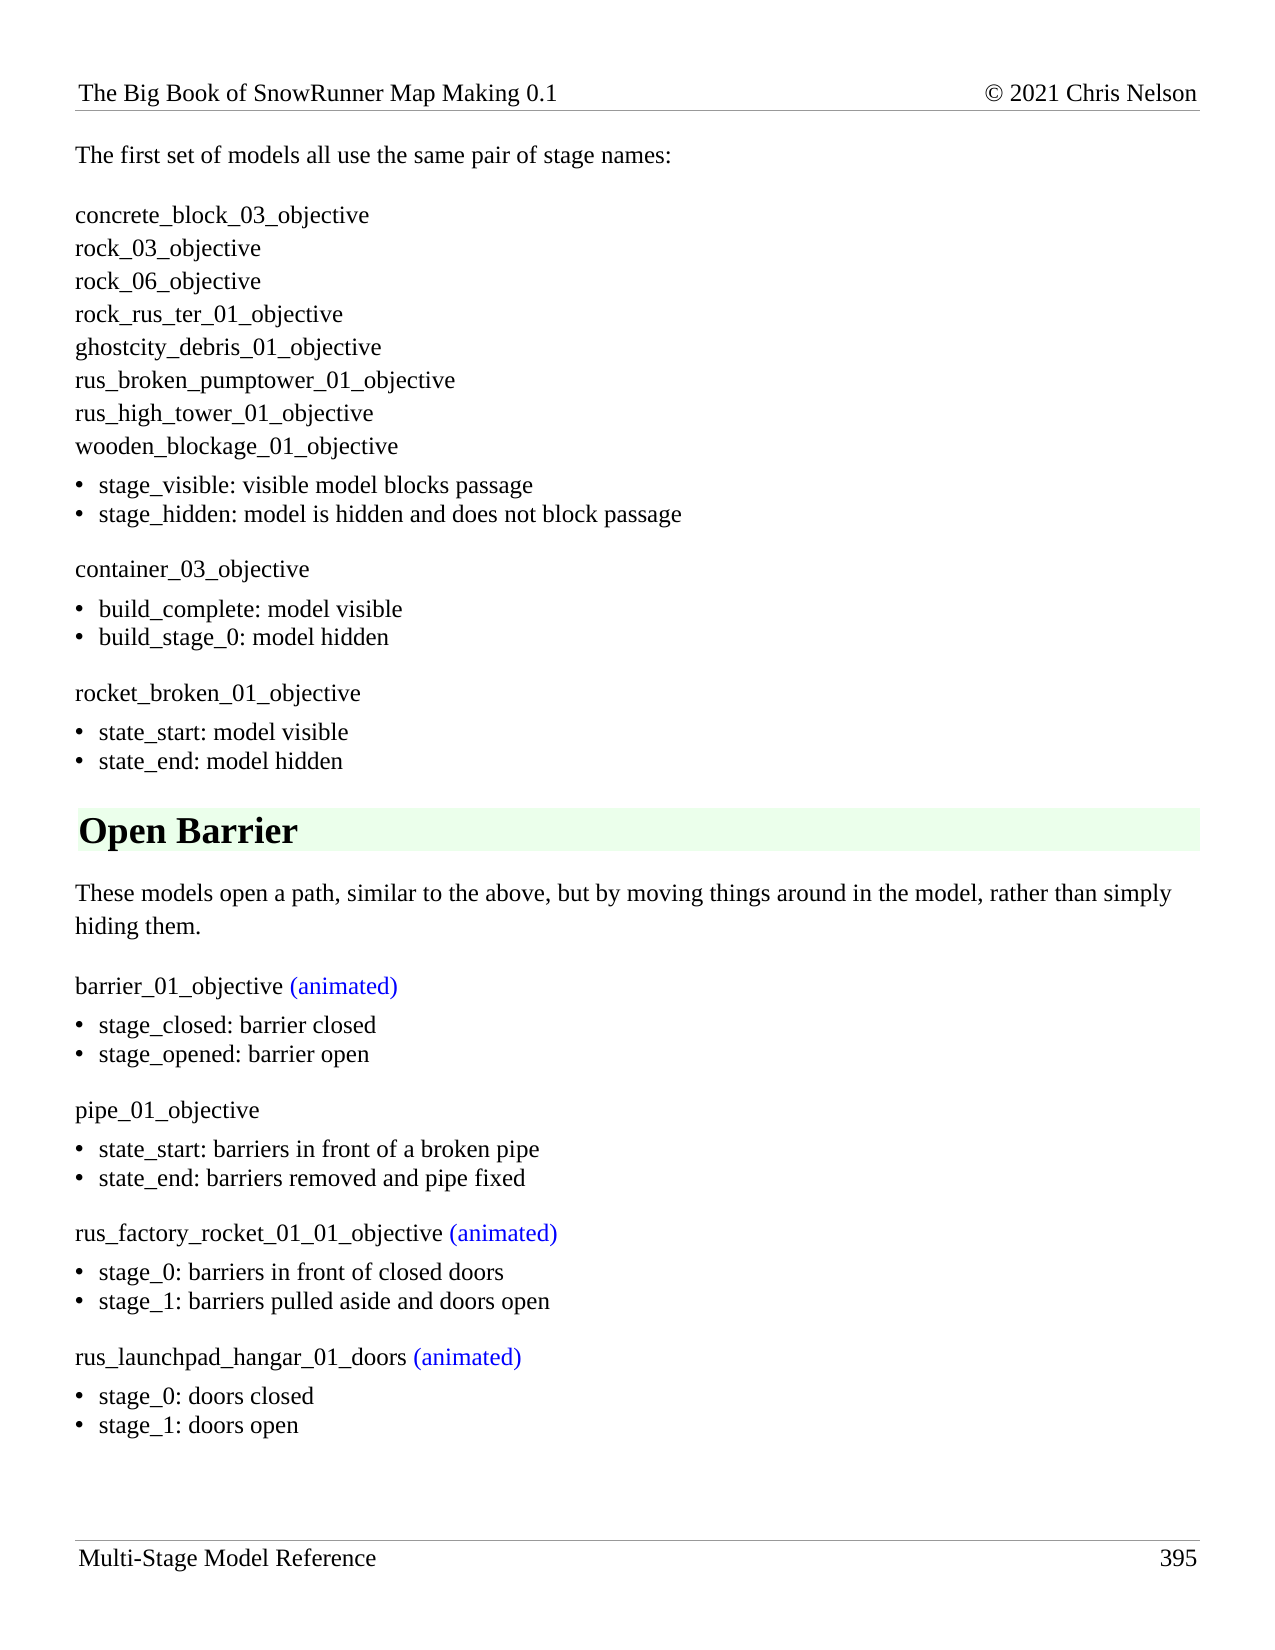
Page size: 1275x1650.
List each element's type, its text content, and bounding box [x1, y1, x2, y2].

subtitle wooden_blockage_01_objective [75, 431, 1200, 460]
subtitle rock_rus_ter_01_objective [75, 299, 1200, 328]
subtitle rock_06_objective [75, 266, 1200, 295]
list stage_closed: barrier closed [75, 1010, 1200, 1039]
subtitle barrier_01_objective (animated) [75, 971, 1200, 1000]
subtitle rus_factory_rocket_01_01_objective (animated) [75, 1218, 1200, 1247]
subtitle rocket_broken_01_objective [75, 678, 1200, 707]
list stage_1: barriers pulled aside and doors open [75, 1286, 1200, 1315]
list state_start: barriers in front of a broken pipe [75, 1134, 1200, 1163]
subtitle rus_broken_pumptower_01_objective [75, 365, 1200, 394]
list build_stage_0: model hidden [75, 622, 1200, 651]
list stage_1: doors open [75, 1410, 1200, 1438]
subtitle rus_high_tower_01_objective [75, 398, 1200, 427]
list state_end: model hidden [75, 746, 1200, 775]
subtitle container_03_objective [75, 554, 1200, 583]
list stage_hidden: model is hidden and does not block passage [75, 499, 1200, 528]
list stage_visible: visible model blocks passage [75, 470, 1200, 499]
list stage_0: doors closed [75, 1381, 1200, 1410]
list stage_opened: barrier open [75, 1039, 1200, 1068]
list stage_0: barriers in front of closed doors [75, 1257, 1200, 1286]
list build_complete: model visible [75, 594, 1200, 622]
subtitle concrete_block_03_objective [75, 200, 1200, 229]
subtitle rus_launchpad_hangar_01_doors (animated) [75, 1342, 1200, 1371]
subtitle rock_03_objective [75, 233, 1200, 262]
list state_end: barriers removed and pipe fixed [75, 1163, 1200, 1191]
subtitle ghostcity_debris_01_objective [75, 332, 1200, 361]
text The first set of models all use the same pair of stage names: [75, 140, 1200, 169]
subtitle pipe_01_objective [75, 1095, 1200, 1124]
text These models open a path, similar to the above, but by moving things around in the model, rather than simply hiding them. [75, 878, 1200, 940]
subtitle Open Barrier [78, 808, 1200, 851]
list state_start: model visible [75, 717, 1200, 746]
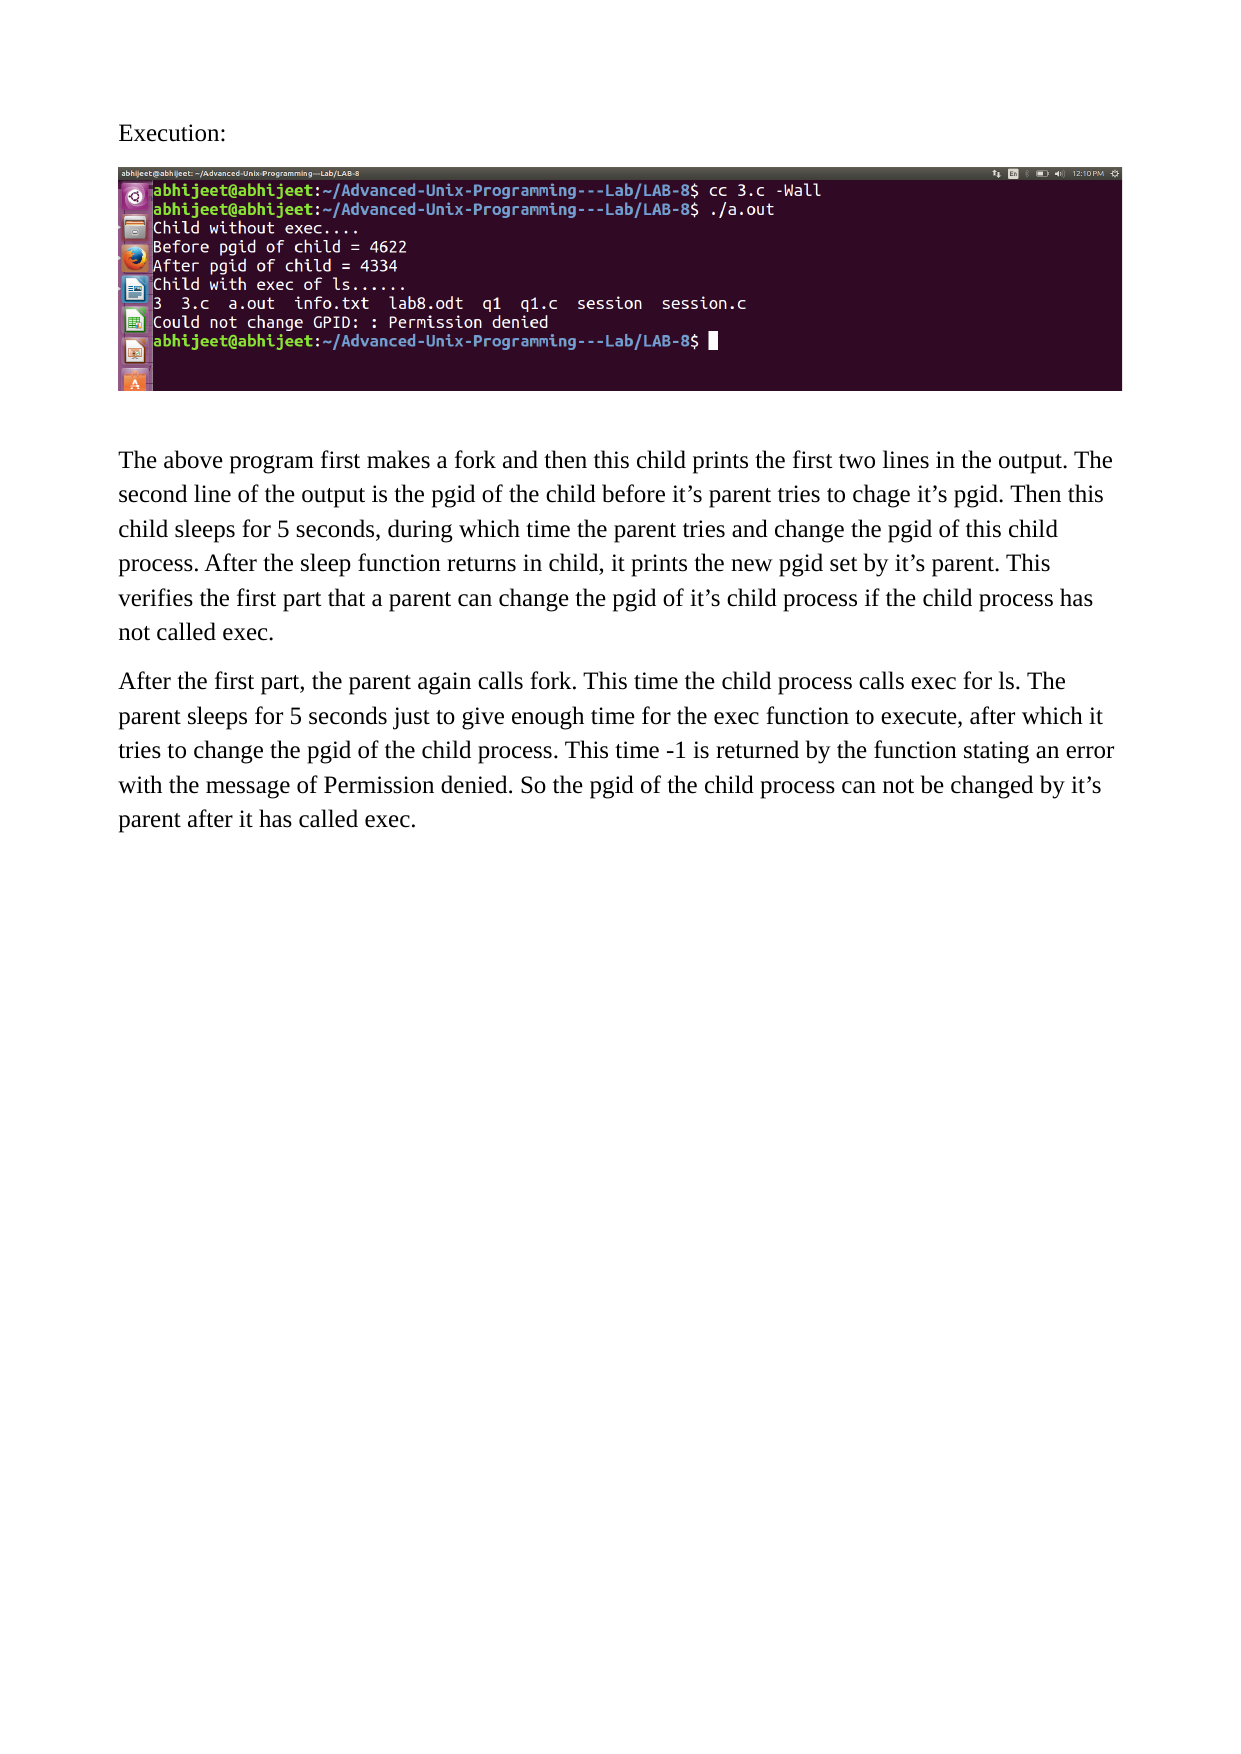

○ ○ ○ ○ ○ ○ ○

### About this task:
Only lines belong in the copy: transcribe those from the start of the data through the line that contains "list state_end: model", and skip the pictures.

### Task response:
Page size: 1275x1650.
List each element's type, its text content, and bounding box [x1, y1, x2, y2].

subtitle wooden_blockage_01_objective [75, 431, 1200, 460]
subtitle rock_rus_ter_01_objective [75, 299, 1200, 328]
subtitle rock_06_objective [75, 266, 1200, 295]
list stage_closed: barrier closed [75, 1010, 1200, 1039]
subtitle barrier_01_objective (animated) [75, 971, 1200, 1000]
subtitle rus_factory_rocket_01_01_objective (animated) [75, 1218, 1200, 1247]
subtitle rocket_broken_01_objective [75, 678, 1200, 707]
list stage_1: barriers pulled aside and doors open [75, 1286, 1200, 1315]
list state_start: barriers in front of a broken pipe [75, 1134, 1200, 1163]
subtitle rus_broken_pumptower_01_objective [75, 365, 1200, 394]
list build_stage_0: model hidden [75, 622, 1200, 651]
list stage_1: doors open [75, 1410, 1200, 1438]
subtitle rus_high_tower_01_objective [75, 398, 1200, 427]
list state_end: model hidden [75, 746, 1200, 775]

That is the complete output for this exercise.